Models

We provide a model that enables lemmatization of Swedish text following the SUC3 standard. Note that SUC3 lemmatization does not exactly match the SALDO standard that is used in our Korp resources.

SUC3 was randomly split into training, validation and test sets (80:10:10). The model was trained for 30 epochs using the default Stanza settings. The accuracy on the test set is 99.18.

Lemmatizing and training

Clone Stanza and install the necessary dependencies. We improved some of the shell scripts that are used to launch Stanza, and we strongly recommend that you download them from here and put them in stanza/scripts (replacing the original scripts if necessary). Stanza was created for parsing UD treebanks in the first place and it assumes that corpora names follow the UD conventions (even if they do not follow the UD annotation scheme). For this reason, your files have to be placed in the folder stanza/corpora/UD_Language-Treebank, where Language is the language name and Treebank is the treebank name (e.g.

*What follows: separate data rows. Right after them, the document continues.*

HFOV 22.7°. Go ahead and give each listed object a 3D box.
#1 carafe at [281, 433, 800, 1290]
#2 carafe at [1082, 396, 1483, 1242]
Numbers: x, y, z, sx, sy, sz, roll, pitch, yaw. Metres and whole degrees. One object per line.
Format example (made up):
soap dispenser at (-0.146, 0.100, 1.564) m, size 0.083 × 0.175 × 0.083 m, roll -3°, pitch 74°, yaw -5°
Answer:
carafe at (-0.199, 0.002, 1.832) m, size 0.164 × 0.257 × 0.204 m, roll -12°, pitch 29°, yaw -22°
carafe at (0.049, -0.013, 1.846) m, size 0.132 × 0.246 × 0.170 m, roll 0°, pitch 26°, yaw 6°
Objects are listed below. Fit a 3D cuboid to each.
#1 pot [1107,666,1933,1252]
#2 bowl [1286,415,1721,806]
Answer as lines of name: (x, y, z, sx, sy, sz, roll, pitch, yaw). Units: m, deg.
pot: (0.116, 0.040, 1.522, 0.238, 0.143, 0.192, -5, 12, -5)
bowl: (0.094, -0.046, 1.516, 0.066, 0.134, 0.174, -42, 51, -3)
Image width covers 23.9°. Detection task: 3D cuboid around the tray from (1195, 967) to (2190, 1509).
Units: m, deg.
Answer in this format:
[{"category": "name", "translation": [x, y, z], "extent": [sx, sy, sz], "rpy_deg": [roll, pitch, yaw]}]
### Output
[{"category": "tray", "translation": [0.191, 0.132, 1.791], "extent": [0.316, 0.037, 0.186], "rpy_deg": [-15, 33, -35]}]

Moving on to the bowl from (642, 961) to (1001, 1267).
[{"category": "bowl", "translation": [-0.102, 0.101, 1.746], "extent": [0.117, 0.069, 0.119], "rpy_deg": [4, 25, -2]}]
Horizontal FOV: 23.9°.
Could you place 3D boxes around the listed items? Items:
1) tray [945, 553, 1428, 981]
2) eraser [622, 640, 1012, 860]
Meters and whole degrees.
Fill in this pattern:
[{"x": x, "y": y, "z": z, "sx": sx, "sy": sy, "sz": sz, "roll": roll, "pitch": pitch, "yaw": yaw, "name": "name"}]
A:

UD_Swedish-Suc). The files have to be named lang_treebank-ud-set.conllu, where lang is a two-letter code for language (sv), and set is train, dev or test (e.g. sv_suc-ud-train.conllu). Use a Linux-like environment. GPU is strongly recommended.

Lemmatizing

Unzip the model and place the .pt file in stanza/saved_models/lemma. Run bash scripts/lemma.sh UD_Swedish-Suc to lemmatize a test set using a pretrained model. The output file will be created in the stanza/corpora folder.

Training your own models

Run bash scripts/run_lemma.sh UD_Swedish-Suc gold.